Mitigating fundamental and technological losses

The fundamental and technological loss mechanisms are schematically depicted in Figs.

2a/b. Whereas technological losses can be reduced to some extent by engineering and optimizing a given solar cell concept, to overcome the fundamental losses, disruptive novel “next generation” technologies are required. For instance, to reduce thermalisation losses, hot carrier solar cells have been proposed.[22] These cells should feature energy selective contacts in order to utilize the excess energy of the photon before it thermalises to the band gap. An approach to reduce the transmission losses is photon upconversion.[24] By the application of an upconvertor material, which typically exhibits Er3+ ions, sub band gap photons are combined to form a high energy photon that can be absorbed by the solar cell.

Other approaches include use of photon downshifting materials or tandem cells. Although these next generation concepts hold the promise of high solar cell efficiencies and are an exciting field of research, the technological feasibility, let alone the cost-efficiency, has not been demonstrated in most cases at present.

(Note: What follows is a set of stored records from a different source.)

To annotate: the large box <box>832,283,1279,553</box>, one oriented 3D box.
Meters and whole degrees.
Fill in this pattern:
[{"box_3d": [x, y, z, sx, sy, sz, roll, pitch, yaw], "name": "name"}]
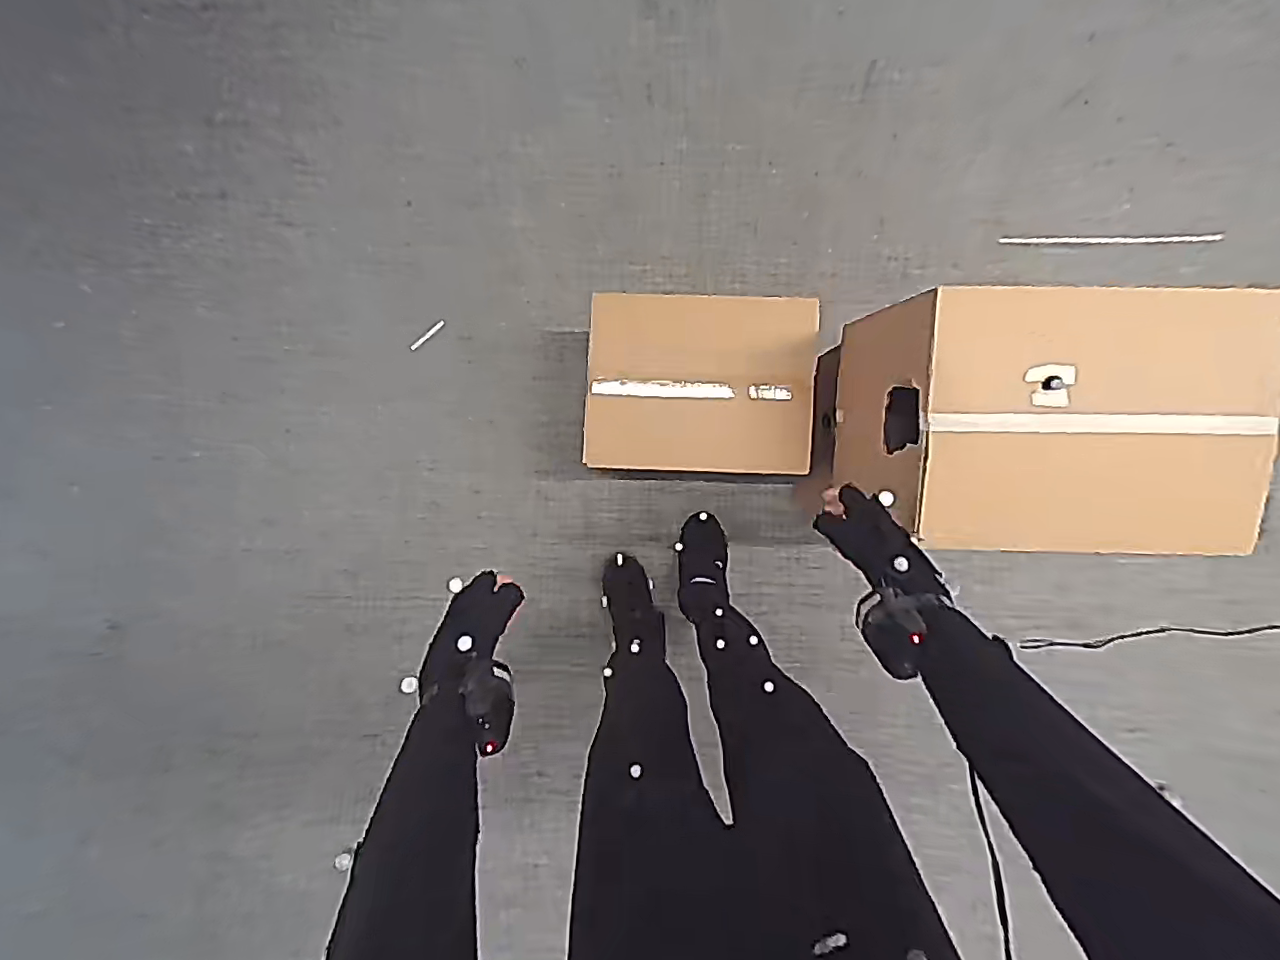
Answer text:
[{"box_3d": [0.531, -0.089, 0.776, 0.408, 0.320, 0.320, 1, 97, 2], "name": "large box"}]
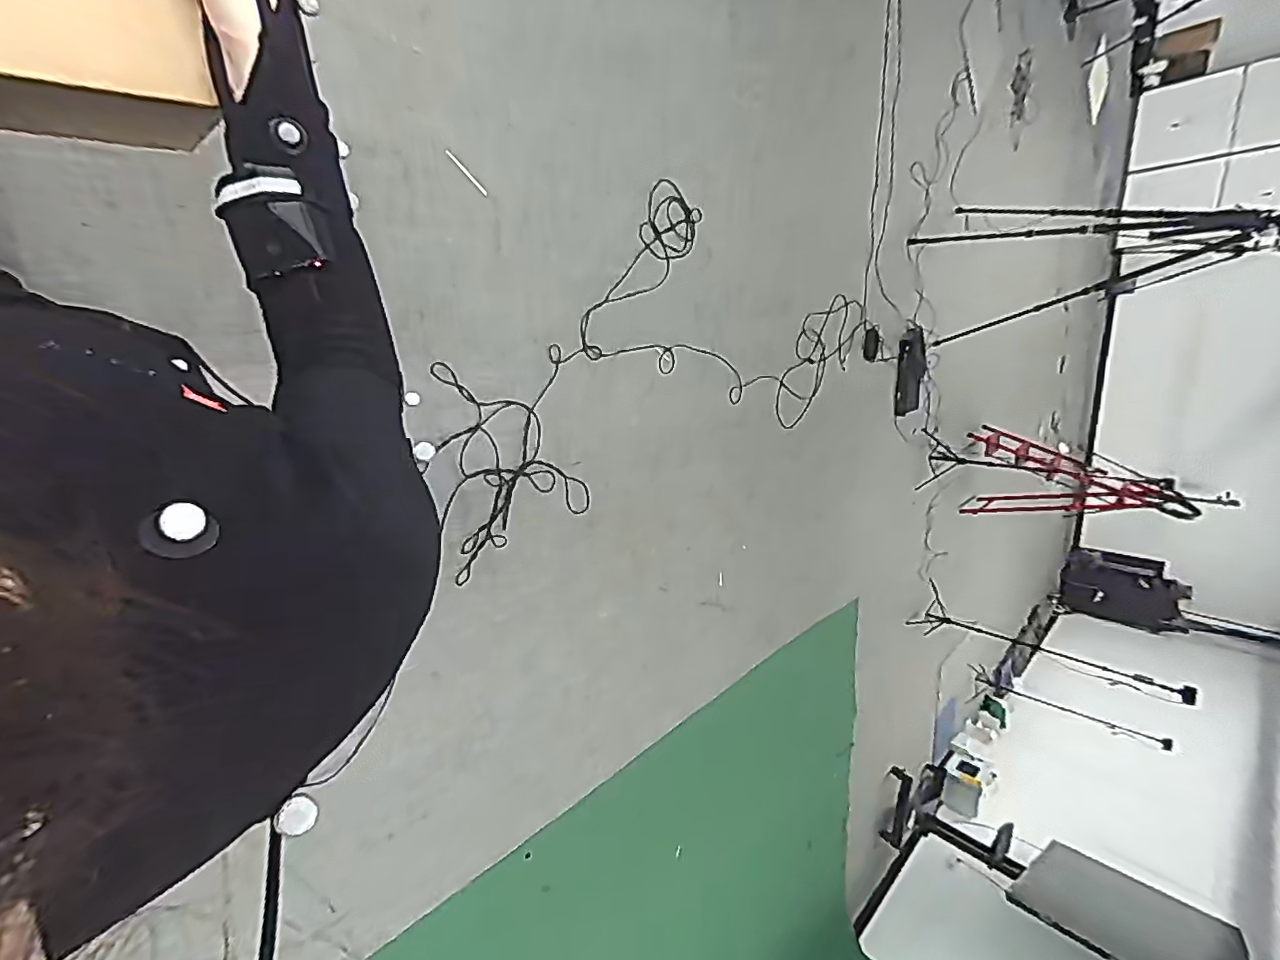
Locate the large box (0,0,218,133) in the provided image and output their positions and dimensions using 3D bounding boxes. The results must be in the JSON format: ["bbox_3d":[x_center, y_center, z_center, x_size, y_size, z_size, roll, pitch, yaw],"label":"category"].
[{"bbox_3d":[-0.539,-0.414,0.308,0.408,0.320,0.320,-17,120,-37],"label":"large box"}]

Figure 2: (a) Band gap diagram illustrating fundamental losses: (1) Transmission; (2) thermalisation and (3) Auger and radiative recombination. Fig. (b) Technological losses illustrated for a standard ptype Si cell: Optical losses including (a1) Reflection; (a2) Shading; (a3) Parasitic absorption; (b) Electronic recombination in emitter, base and at front and rear surfaces; (c) Resistive losses. Fig. (c) High-efficiency PERL cell (Passivated emitter rear locally diffused) cell design to reduce surface recombination by implementation of surface passivation schemes, local (diffused) p+ rear BSF, selective emitter and high-aspect ratio front contacts. Fig. (d). High-efficiency back-junction back contacted cell design with n-type Si base, eliminating shading losses completely.